Like Herz, if I could be like Herz!
He has been there and done that, so taking Herz's advice seems like a solid idea. The man has gone from nothing to something based on following his dream, so taking his advice should be a blessing to all of us who wish to make it someday.
"It's basically this: If you have talent, if you have a voice, and you know you write well, then you can make it. Here's the deal. In Hollywood there is such a lack of good scripts that if you write a good script, it will sell. And it's weird to hear, because there are so many people who come out here and are like, 'No one will sign me, its so hard,' but they are not willing to do the work. Just like Hemingway said, 'The first draft ain't shit.' And a bunch of people aren't willing to write it and re-write it.

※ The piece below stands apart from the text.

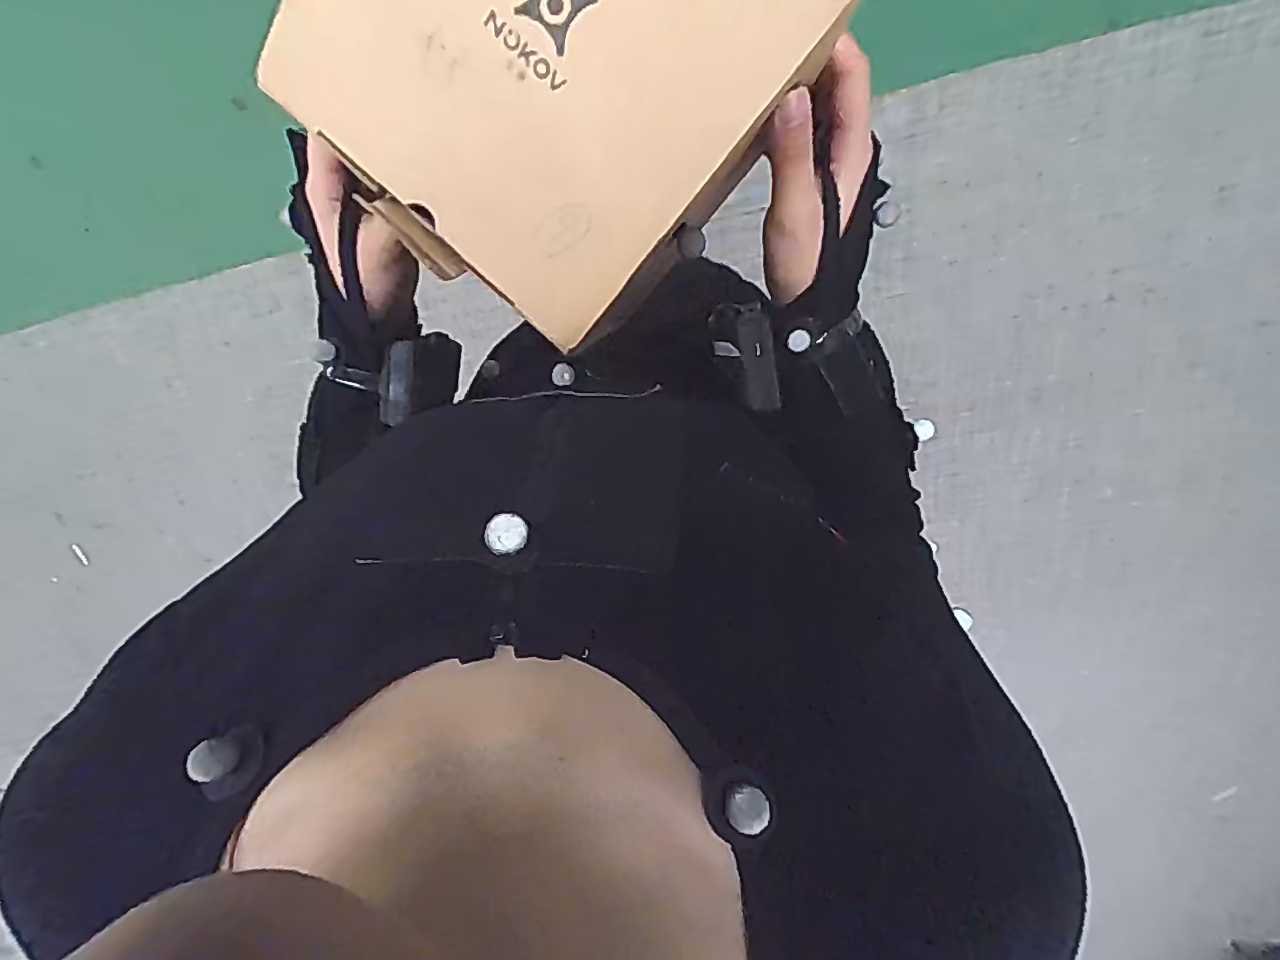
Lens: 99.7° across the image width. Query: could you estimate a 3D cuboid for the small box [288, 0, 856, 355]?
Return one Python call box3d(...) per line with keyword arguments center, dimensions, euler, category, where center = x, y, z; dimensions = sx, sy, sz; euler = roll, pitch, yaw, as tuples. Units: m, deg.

"I can't give you advice to make you talented, but my big piece of advice is sell out first. And what I mean by that, especially in college, is you are learning things about you and how the world works and what is what, and everyone has this all American movie they want to write, but it's not that simple. If it's so easy to write a Hollywood movie, then do it, because people will pay you right away for it.
"When I wrote American pie, I literally didn't write many scenes for night because it's more expensive to shoot at night. Make it cheap. After I wrote the first one, the studio asked me what I wanted to do next. And I was like I want to write and direct a movie and they were like done. So, you see what I mean by selling out. You will see the benefits in the end. I got to take my career the way I wanted to take it."
To the next step
Herz gets to work in the morning, after sleeping in of course (cause he can), and usually writes for five to six hours a day. What exactly is he writing? The next great movie.
"I'm working on a new broad comedy that I will direct," Herz says. "Who knows when it will be done. I would like to be shooting it sometime in the next year."
Waiting for the next piece of pie can be tough for Herz fans, but don't you worry, you will be pleased with what's next.
"Oh you'll like the next thing," Herz says.